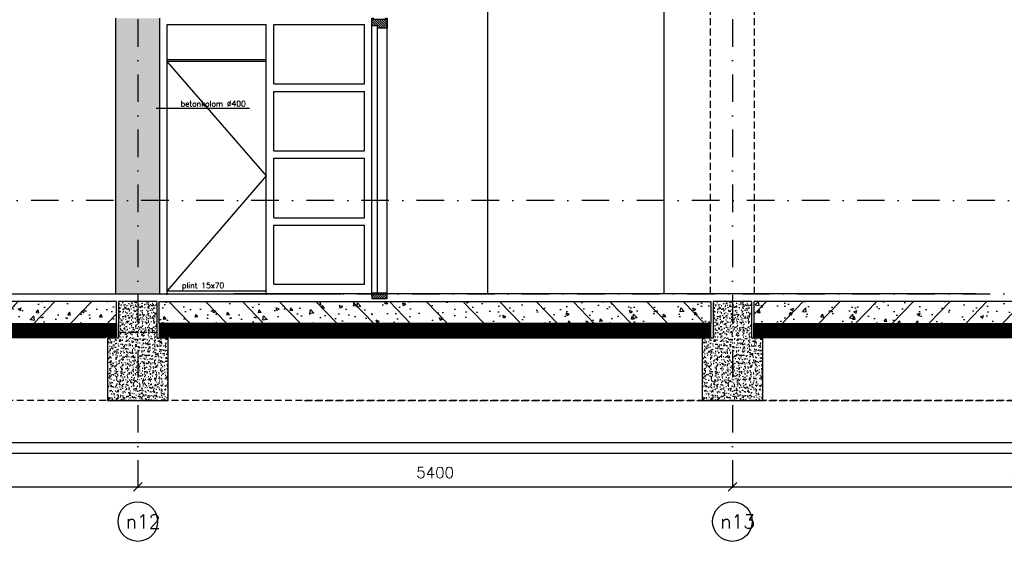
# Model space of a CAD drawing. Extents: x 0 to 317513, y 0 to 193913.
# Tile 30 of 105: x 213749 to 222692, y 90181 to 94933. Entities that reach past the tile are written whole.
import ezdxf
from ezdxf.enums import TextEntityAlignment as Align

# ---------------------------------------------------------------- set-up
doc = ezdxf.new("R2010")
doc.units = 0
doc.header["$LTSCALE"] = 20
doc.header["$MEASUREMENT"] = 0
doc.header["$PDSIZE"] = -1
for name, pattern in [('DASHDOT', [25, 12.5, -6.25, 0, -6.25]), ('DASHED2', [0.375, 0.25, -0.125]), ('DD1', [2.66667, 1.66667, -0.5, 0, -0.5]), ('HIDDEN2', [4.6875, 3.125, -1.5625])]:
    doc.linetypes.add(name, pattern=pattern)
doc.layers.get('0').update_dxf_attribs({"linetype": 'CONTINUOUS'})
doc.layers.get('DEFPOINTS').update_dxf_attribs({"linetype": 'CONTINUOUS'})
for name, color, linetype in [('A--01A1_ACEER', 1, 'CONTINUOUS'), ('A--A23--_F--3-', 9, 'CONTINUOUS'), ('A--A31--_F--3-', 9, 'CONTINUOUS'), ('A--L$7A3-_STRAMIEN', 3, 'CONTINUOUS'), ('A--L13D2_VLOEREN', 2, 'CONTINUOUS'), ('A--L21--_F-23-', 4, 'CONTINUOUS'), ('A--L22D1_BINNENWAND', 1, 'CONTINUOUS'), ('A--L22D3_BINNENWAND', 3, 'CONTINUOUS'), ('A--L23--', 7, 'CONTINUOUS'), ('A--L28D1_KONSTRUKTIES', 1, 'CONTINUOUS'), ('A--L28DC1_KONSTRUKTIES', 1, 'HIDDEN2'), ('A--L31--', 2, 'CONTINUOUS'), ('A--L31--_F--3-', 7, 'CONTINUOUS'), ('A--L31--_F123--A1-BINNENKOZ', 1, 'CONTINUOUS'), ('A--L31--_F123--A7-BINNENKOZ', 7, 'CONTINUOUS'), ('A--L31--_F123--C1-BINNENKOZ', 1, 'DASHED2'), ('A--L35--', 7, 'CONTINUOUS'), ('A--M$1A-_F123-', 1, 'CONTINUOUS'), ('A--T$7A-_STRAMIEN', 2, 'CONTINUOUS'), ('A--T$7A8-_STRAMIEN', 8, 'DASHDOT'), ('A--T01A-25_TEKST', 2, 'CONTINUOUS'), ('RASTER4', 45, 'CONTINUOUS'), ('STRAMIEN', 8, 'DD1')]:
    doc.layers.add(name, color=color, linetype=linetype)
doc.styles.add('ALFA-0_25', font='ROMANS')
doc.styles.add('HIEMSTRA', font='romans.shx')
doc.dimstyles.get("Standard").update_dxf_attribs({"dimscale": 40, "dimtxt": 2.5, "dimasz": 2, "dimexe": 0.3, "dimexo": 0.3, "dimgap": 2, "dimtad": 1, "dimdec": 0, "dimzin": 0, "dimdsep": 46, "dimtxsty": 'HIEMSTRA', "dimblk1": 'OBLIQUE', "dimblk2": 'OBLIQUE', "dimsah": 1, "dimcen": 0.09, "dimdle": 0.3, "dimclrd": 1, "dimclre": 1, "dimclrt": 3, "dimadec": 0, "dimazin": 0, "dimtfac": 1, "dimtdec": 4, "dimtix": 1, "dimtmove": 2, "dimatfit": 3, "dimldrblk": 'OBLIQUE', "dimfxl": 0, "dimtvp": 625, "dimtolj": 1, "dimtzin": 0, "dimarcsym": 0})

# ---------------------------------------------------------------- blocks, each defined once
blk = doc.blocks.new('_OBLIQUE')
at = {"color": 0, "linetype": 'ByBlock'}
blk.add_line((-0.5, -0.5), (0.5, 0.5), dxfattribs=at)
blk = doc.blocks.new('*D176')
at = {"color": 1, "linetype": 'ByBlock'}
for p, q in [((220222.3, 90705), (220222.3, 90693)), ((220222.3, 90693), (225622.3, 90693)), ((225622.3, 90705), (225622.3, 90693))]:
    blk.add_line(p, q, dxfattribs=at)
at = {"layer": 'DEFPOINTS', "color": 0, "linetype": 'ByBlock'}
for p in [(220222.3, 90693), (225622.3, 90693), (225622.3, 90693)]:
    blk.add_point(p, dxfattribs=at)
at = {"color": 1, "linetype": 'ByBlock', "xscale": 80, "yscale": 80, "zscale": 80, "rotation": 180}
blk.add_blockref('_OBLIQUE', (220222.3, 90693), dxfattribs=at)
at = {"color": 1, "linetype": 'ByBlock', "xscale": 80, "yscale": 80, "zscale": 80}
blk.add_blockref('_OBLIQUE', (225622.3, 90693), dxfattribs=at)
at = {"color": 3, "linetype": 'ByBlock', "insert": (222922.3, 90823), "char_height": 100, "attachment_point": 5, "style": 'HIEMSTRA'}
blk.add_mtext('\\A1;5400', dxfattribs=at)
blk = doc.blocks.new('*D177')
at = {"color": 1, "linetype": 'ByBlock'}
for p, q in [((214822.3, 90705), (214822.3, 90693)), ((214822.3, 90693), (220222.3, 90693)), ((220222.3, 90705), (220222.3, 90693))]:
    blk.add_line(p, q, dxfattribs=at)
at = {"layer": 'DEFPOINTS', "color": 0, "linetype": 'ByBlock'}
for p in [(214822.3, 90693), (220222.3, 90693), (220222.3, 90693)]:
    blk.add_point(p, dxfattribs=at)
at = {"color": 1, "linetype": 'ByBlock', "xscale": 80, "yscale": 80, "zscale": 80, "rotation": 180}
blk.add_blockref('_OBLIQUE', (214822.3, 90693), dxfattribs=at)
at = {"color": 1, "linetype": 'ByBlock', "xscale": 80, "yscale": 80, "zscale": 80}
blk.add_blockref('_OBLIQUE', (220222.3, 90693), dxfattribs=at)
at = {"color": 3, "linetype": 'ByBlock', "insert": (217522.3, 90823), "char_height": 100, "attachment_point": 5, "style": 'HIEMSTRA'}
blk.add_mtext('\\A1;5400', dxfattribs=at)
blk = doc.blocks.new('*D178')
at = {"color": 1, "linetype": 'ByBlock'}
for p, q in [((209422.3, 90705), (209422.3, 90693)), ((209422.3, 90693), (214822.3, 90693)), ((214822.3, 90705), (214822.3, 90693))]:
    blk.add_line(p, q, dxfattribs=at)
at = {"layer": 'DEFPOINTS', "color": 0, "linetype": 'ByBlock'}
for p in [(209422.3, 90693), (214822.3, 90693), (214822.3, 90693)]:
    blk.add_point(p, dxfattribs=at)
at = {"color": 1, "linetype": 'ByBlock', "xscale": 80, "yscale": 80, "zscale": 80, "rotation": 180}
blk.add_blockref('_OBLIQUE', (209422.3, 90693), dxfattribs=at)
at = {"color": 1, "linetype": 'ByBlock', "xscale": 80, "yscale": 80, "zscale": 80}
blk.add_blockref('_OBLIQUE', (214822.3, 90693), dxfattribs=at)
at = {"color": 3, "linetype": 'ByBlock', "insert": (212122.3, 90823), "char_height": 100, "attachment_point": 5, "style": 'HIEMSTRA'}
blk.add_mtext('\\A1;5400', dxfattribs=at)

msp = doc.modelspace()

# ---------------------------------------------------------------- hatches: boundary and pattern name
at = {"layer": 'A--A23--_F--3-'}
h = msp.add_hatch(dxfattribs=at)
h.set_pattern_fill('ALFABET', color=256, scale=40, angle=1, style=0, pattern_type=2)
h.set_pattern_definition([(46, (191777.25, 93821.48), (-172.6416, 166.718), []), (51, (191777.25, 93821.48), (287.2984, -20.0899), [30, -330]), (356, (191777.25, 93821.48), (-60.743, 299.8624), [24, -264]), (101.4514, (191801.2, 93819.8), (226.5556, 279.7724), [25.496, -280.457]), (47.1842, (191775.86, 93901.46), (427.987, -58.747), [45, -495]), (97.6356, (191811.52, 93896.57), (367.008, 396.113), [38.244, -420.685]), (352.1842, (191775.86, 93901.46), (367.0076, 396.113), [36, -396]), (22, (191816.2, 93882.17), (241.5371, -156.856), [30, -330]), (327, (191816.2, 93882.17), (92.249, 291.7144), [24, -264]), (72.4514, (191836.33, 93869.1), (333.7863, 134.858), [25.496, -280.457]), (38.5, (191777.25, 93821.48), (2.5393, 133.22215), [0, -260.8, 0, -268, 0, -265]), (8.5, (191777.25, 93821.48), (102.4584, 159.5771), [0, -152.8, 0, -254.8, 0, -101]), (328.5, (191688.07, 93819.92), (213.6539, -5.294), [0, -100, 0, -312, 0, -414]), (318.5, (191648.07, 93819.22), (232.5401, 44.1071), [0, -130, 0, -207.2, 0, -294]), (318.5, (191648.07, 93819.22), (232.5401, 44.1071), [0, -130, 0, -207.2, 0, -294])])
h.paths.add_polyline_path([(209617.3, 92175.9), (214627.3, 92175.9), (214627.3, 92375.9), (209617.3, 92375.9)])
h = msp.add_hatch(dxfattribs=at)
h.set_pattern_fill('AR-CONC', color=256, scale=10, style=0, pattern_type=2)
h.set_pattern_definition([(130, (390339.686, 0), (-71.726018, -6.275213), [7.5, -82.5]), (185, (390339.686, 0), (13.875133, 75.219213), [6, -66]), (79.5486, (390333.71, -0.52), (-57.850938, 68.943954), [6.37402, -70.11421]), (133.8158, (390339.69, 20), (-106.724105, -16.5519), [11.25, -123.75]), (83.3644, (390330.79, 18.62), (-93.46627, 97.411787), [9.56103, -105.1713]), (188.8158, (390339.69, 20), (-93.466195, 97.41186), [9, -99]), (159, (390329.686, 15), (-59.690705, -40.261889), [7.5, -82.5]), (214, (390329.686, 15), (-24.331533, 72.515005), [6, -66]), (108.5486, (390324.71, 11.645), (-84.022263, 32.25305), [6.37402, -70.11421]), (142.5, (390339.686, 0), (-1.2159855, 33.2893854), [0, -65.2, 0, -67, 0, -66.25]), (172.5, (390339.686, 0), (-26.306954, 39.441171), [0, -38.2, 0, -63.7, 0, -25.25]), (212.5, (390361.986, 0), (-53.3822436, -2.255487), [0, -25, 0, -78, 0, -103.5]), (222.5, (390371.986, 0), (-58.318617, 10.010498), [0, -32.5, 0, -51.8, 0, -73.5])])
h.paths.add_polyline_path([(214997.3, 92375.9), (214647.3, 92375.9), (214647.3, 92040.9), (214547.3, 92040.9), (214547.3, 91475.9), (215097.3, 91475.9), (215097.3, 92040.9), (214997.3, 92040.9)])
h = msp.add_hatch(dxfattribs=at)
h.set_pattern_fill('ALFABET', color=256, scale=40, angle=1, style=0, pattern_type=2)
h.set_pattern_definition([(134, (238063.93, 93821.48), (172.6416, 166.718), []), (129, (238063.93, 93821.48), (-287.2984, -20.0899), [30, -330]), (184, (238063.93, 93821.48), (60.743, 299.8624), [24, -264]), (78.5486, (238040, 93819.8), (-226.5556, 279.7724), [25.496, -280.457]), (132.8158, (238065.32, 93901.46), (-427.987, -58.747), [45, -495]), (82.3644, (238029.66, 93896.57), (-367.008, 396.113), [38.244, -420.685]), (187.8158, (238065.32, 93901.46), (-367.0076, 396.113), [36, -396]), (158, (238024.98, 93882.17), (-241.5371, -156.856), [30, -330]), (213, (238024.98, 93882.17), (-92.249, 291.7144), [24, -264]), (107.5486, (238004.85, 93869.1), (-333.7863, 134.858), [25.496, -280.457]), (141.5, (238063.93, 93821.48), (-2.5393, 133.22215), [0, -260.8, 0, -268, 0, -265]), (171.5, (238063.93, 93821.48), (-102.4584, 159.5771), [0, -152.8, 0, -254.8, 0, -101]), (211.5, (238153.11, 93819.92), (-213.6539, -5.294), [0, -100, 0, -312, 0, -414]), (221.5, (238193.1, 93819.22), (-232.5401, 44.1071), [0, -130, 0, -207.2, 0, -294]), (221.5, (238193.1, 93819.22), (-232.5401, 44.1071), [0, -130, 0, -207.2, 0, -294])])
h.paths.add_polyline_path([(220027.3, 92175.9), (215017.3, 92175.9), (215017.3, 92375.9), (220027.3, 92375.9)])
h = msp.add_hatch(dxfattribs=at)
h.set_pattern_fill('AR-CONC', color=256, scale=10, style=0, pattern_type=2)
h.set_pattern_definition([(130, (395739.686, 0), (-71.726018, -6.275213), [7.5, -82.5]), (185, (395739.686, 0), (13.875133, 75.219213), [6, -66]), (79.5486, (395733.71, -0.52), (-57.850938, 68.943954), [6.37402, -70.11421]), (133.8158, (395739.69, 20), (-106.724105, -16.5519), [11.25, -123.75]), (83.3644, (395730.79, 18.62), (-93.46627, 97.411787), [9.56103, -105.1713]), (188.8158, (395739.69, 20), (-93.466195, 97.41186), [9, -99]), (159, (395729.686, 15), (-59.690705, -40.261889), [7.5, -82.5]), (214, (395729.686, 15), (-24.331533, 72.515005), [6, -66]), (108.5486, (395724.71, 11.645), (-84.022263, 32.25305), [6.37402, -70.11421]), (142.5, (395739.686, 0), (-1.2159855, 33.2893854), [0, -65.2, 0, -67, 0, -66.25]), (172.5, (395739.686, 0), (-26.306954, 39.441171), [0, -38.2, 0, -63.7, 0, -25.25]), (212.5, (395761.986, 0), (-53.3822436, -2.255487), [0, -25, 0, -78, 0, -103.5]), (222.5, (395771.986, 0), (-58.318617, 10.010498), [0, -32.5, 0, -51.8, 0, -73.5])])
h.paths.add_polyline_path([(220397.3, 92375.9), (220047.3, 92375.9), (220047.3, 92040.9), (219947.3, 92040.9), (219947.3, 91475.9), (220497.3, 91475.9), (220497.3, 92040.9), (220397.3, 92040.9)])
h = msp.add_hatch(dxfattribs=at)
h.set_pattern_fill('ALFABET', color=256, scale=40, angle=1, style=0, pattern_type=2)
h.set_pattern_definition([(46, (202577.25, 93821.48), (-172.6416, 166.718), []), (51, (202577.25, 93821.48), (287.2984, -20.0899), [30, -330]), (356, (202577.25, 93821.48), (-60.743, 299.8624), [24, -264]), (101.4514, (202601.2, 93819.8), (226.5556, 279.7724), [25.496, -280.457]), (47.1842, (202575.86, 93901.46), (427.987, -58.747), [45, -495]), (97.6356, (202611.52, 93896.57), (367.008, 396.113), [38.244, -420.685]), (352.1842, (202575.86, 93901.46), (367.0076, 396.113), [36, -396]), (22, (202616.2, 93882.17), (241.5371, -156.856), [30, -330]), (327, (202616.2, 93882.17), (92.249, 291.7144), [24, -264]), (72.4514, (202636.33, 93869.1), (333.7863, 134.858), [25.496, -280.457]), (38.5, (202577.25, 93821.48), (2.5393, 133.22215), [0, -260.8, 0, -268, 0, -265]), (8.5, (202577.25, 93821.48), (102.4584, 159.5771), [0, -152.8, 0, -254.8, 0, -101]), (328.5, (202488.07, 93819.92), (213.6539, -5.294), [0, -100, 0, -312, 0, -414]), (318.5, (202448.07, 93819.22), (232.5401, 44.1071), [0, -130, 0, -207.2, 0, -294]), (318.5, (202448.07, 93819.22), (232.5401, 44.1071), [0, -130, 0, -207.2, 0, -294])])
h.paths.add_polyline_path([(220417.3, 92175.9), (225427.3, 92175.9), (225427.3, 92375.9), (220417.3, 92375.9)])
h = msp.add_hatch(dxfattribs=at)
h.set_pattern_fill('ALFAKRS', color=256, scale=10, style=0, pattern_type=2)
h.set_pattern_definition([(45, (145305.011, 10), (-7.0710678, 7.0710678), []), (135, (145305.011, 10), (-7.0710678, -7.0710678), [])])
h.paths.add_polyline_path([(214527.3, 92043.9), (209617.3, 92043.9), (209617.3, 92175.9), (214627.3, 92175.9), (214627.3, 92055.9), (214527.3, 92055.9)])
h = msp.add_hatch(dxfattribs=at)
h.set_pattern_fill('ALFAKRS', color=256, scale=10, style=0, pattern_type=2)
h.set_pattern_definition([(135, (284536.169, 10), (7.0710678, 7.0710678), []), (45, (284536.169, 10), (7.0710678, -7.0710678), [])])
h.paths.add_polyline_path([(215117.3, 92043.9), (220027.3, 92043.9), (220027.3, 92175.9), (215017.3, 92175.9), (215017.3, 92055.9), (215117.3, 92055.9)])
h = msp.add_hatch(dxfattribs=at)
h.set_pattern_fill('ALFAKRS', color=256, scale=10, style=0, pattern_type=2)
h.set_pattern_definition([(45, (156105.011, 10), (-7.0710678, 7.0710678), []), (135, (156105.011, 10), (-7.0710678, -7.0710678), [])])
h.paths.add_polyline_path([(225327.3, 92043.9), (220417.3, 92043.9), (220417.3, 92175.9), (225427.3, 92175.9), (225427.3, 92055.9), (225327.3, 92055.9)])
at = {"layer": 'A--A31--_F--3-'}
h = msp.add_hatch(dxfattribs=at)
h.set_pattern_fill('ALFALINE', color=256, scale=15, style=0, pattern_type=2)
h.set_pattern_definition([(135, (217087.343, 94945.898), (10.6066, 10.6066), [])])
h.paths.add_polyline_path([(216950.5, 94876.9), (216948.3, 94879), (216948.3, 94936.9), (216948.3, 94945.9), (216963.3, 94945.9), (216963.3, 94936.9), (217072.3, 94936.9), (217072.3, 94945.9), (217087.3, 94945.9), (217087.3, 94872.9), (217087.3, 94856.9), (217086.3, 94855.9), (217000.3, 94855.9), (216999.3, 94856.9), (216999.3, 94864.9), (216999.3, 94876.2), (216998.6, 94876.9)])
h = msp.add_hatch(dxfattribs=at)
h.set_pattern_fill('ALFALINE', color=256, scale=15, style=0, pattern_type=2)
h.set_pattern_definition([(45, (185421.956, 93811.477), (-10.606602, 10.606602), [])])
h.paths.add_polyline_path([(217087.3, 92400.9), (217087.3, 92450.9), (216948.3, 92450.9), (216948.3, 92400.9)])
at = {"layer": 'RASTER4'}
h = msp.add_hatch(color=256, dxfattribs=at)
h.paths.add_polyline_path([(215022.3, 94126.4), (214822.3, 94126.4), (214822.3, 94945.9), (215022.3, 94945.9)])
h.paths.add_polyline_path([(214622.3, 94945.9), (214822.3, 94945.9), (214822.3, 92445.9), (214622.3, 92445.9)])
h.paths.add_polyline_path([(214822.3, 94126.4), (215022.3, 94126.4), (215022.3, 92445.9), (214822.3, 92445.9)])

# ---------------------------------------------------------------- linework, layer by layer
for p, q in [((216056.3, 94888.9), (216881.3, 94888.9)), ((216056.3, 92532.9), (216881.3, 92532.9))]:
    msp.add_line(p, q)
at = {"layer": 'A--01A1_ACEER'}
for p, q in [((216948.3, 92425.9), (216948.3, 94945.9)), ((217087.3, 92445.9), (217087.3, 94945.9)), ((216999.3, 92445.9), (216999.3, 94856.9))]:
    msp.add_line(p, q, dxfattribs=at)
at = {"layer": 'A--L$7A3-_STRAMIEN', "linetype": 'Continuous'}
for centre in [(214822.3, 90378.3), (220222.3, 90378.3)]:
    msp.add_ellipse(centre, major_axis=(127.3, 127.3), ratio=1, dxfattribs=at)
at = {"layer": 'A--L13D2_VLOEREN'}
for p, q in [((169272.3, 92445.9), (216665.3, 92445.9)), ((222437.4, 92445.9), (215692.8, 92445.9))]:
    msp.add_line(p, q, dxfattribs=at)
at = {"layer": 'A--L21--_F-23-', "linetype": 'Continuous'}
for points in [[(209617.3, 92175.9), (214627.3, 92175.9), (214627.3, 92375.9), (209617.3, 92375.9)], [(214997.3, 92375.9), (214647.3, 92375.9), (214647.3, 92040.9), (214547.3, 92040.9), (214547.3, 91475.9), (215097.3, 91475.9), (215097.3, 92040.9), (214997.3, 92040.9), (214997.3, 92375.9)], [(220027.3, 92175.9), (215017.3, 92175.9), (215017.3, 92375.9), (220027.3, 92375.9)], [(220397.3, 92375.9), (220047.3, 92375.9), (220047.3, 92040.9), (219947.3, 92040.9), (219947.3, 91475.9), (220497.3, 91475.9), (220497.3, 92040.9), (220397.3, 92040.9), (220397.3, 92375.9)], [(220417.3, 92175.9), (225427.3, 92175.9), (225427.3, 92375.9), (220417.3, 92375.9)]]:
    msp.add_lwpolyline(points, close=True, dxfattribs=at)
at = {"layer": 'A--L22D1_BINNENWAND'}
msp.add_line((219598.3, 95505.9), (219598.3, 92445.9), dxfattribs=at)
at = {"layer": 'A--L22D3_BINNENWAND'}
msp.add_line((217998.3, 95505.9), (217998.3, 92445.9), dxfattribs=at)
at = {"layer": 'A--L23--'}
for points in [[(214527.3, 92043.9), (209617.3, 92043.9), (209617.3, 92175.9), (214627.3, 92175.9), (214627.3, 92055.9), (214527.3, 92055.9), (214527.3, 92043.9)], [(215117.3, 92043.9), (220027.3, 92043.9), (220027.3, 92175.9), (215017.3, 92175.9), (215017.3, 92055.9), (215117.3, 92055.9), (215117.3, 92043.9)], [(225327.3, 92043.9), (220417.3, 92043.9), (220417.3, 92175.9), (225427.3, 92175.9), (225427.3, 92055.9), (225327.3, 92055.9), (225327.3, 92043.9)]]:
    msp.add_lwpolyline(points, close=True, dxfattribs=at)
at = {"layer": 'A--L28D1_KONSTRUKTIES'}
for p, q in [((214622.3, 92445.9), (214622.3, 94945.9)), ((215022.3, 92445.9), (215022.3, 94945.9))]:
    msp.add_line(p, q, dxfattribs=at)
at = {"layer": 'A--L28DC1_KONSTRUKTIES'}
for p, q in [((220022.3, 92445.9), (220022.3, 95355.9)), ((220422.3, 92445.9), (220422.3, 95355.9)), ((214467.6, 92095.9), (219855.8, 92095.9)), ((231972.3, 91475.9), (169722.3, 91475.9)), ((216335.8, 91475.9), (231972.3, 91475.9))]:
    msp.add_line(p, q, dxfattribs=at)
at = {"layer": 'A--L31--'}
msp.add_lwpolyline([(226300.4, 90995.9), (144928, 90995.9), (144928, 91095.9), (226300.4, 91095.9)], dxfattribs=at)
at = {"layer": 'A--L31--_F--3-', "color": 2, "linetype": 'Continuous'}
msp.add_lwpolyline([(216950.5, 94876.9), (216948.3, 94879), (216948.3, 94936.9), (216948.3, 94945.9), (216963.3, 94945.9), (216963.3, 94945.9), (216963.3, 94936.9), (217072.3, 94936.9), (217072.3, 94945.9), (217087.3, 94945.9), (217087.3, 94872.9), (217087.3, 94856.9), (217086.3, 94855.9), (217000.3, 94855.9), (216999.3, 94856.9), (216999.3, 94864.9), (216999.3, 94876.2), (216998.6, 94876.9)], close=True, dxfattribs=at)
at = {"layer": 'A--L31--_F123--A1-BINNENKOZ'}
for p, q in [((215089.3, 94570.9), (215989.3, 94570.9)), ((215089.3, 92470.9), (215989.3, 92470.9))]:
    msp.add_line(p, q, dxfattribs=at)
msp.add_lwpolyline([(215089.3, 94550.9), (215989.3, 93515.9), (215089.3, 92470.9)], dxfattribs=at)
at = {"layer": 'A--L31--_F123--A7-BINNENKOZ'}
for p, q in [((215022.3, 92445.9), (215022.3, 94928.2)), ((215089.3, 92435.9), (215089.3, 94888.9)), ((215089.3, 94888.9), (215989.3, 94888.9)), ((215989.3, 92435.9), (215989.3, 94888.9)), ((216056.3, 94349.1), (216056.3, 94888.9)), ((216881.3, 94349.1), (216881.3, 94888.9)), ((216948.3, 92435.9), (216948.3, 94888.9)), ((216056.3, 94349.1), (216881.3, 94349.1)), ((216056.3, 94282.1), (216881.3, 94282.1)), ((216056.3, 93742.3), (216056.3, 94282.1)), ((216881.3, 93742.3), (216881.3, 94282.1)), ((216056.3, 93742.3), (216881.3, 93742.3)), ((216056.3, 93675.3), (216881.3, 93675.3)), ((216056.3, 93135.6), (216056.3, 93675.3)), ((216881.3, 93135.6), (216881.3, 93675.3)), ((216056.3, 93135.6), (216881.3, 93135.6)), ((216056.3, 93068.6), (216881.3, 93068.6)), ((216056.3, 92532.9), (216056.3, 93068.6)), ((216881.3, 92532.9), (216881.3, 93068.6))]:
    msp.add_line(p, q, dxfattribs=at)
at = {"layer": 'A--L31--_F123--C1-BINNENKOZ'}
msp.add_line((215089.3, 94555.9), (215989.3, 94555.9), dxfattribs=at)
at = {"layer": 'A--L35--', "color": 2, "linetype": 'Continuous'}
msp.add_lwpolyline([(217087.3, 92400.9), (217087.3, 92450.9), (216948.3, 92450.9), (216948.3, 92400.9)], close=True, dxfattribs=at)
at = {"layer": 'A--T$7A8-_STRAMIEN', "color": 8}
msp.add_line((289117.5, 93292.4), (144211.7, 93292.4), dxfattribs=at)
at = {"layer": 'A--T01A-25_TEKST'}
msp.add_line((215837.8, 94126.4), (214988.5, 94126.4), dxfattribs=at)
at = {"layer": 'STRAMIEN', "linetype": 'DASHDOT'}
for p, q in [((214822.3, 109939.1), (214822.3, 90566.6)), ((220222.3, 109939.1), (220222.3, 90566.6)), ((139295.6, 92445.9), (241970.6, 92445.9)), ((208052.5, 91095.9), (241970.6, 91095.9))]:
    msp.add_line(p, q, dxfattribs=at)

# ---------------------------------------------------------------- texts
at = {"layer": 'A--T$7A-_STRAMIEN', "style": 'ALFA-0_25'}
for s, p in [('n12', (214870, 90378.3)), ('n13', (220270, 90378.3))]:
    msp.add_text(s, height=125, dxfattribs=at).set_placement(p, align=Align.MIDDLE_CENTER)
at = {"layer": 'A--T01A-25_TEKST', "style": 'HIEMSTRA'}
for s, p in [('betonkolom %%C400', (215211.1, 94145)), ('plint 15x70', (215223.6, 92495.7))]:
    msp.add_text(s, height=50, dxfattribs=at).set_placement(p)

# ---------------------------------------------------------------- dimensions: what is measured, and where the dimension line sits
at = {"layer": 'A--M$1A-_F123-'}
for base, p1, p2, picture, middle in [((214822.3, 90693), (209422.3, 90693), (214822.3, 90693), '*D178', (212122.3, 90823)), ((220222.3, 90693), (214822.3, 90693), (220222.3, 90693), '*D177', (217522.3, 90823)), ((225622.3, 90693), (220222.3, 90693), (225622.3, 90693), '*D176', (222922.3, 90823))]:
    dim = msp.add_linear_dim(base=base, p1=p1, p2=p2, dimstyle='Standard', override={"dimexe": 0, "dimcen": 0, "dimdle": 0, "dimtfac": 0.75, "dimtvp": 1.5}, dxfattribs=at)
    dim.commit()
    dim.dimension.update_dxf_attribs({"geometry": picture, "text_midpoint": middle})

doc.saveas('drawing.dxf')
*-*-*
→ **TRY IT**
Find the lines of the material that contain the word "header" and report only how many there are.

→ **EXERCISE OUTPUT**
3